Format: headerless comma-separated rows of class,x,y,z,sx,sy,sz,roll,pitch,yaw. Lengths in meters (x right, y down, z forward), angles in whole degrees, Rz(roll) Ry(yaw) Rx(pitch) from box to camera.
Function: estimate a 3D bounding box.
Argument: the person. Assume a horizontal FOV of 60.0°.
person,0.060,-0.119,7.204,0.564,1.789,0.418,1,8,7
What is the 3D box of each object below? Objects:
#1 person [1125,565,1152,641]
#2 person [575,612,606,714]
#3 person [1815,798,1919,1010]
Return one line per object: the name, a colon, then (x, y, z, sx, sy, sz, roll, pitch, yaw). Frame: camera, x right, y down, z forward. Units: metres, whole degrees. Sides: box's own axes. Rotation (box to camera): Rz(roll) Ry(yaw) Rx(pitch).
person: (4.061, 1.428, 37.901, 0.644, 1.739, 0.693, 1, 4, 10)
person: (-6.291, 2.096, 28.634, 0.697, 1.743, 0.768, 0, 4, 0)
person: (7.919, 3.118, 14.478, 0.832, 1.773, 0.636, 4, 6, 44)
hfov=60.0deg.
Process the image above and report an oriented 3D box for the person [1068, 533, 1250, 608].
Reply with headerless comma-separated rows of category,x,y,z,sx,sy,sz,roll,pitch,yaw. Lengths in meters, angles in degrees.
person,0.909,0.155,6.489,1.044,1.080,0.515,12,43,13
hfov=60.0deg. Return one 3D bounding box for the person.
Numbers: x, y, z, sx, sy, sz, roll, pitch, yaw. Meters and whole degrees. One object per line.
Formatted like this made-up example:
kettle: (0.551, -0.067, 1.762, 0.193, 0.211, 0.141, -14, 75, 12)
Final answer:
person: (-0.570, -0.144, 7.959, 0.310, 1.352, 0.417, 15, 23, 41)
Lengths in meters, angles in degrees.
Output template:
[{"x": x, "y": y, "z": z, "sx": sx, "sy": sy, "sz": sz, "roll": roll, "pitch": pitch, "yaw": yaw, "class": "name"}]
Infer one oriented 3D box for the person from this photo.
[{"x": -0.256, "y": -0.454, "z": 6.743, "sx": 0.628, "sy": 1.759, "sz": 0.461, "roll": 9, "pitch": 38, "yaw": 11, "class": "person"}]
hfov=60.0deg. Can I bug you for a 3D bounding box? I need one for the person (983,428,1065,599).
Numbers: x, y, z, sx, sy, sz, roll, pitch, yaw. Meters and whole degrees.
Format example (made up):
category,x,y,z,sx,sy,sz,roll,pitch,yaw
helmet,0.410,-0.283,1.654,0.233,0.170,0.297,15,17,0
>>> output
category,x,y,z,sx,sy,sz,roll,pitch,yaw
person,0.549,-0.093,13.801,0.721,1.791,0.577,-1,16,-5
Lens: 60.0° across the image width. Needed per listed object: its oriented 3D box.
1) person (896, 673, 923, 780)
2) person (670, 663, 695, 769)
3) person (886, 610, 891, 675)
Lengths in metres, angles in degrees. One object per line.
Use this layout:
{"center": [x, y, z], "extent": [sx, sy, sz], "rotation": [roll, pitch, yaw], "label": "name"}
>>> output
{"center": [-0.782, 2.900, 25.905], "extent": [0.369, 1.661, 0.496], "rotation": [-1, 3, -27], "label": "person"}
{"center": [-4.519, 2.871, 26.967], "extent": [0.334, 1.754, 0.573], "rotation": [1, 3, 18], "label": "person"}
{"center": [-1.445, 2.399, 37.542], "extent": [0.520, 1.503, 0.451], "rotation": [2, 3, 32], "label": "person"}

• Task: Would you print all of the entries exactly as they stand?

• Exercise output:
Format: headerless comma-separated rows of class,x,y,z,sx,sy,sz,roll,pitch,yaw. Lengths in meters (x right, y down, z forward), angles in whole degrees, Rz(roll) Ry(yaw) Rx(pitch) from box to camera.
Function: estimate a 3D bounding box.
Argument: the person. Assume a horizontal FOV of 60.0°.
person,0.060,-0.119,7.204,0.564,1.789,0.418,1,8,7
What is the 3D box of each object below? Objects:
#1 person [1125,565,1152,641]
#2 person [575,612,606,714]
#3 person [1815,798,1919,1010]
Return one line per object: the name, a colon, then (x, y, z, sx, sy, sz, roll, pitch, yaw). Frame: camera, x right, y down, z forward. Units: metres, whole degrees. Sides: box's own axes. Rotation (box to camera): Rz(roll) Ry(yaw) Rx(pitch).
person: (4.061, 1.428, 37.901, 0.644, 1.739, 0.693, 1, 4, 10)
person: (-6.291, 2.096, 28.634, 0.697, 1.743, 0.768, 0, 4, 0)
person: (7.919, 3.118, 14.478, 0.832, 1.773, 0.636, 4, 6, 44)
hfov=60.0deg.
Process the image above and report an oriented 3D box for the person [1068, 533, 1250, 608].
Reply with headerless comma-separated rows of category,x,y,z,sx,sy,sz,roll,pitch,yaw. Lengths in meters, angles in degrees.
person,0.909,0.155,6.489,1.044,1.080,0.515,12,43,13
hfov=60.0deg. Return one 3D bounding box for the person.
Numbers: x, y, z, sx, sy, sz, roll, pitch, yaw. Meters and whole degrees. One object per line.
Formatted like this made-up example:
kettle: (0.551, -0.067, 1.762, 0.193, 0.211, 0.141, -14, 75, 12)
Final answer:
person: (-0.570, -0.144, 7.959, 0.310, 1.352, 0.417, 15, 23, 41)
Lengths in meters, angles in degrees.
Output template:
[{"x": x, "y": y, "z": z, "sx": sx, "sy": sy, "sz": sz, "roll": roll, "pitch": pitch, "yaw": yaw, "class": "name"}]
Infer one oriented 3D box for the person from this photo.
[{"x": -0.256, "y": -0.454, "z": 6.743, "sx": 0.628, "sy": 1.759, "sz": 0.461, "roll": 9, "pitch": 38, "yaw": 11, "class": "person"}]
hfov=60.0deg. Can I bug you for a 3D bounding box? I need one for the person (983,428,1065,599).
Numbers: x, y, z, sx, sy, sz, roll, pitch, yaw. Meters and whole degrees.
Format example (made up):
category,x,y,z,sx,sy,sz,roll,pitch,yaw
helmet,0.410,-0.283,1.654,0.233,0.170,0.297,15,17,0
>>> output
category,x,y,z,sx,sy,sz,roll,pitch,yaw
person,0.549,-0.093,13.801,0.721,1.791,0.577,-1,16,-5
Lens: 60.0° across the image width. Needed per listed object: its oriented 3D box.
1) person (896, 673, 923, 780)
2) person (670, 663, 695, 769)
3) person (886, 610, 891, 675)
Lengths in metres, angles in degrees. One object per line.
Use this layout:
{"center": [x, y, z], "extent": [sx, sy, sz], "rotation": [roll, pitch, yaw], "label": "name"}
>>> output
{"center": [-0.782, 2.900, 25.905], "extent": [0.369, 1.661, 0.496], "rotation": [-1, 3, -27], "label": "person"}
{"center": [-4.519, 2.871, 26.967], "extent": [0.334, 1.754, 0.573], "rotation": [1, 3, 18], "label": "person"}
{"center": [-1.445, 2.399, 37.542], "extent": [0.520, 1.503, 0.451], "rotation": [2, 3, 32], "label": "person"}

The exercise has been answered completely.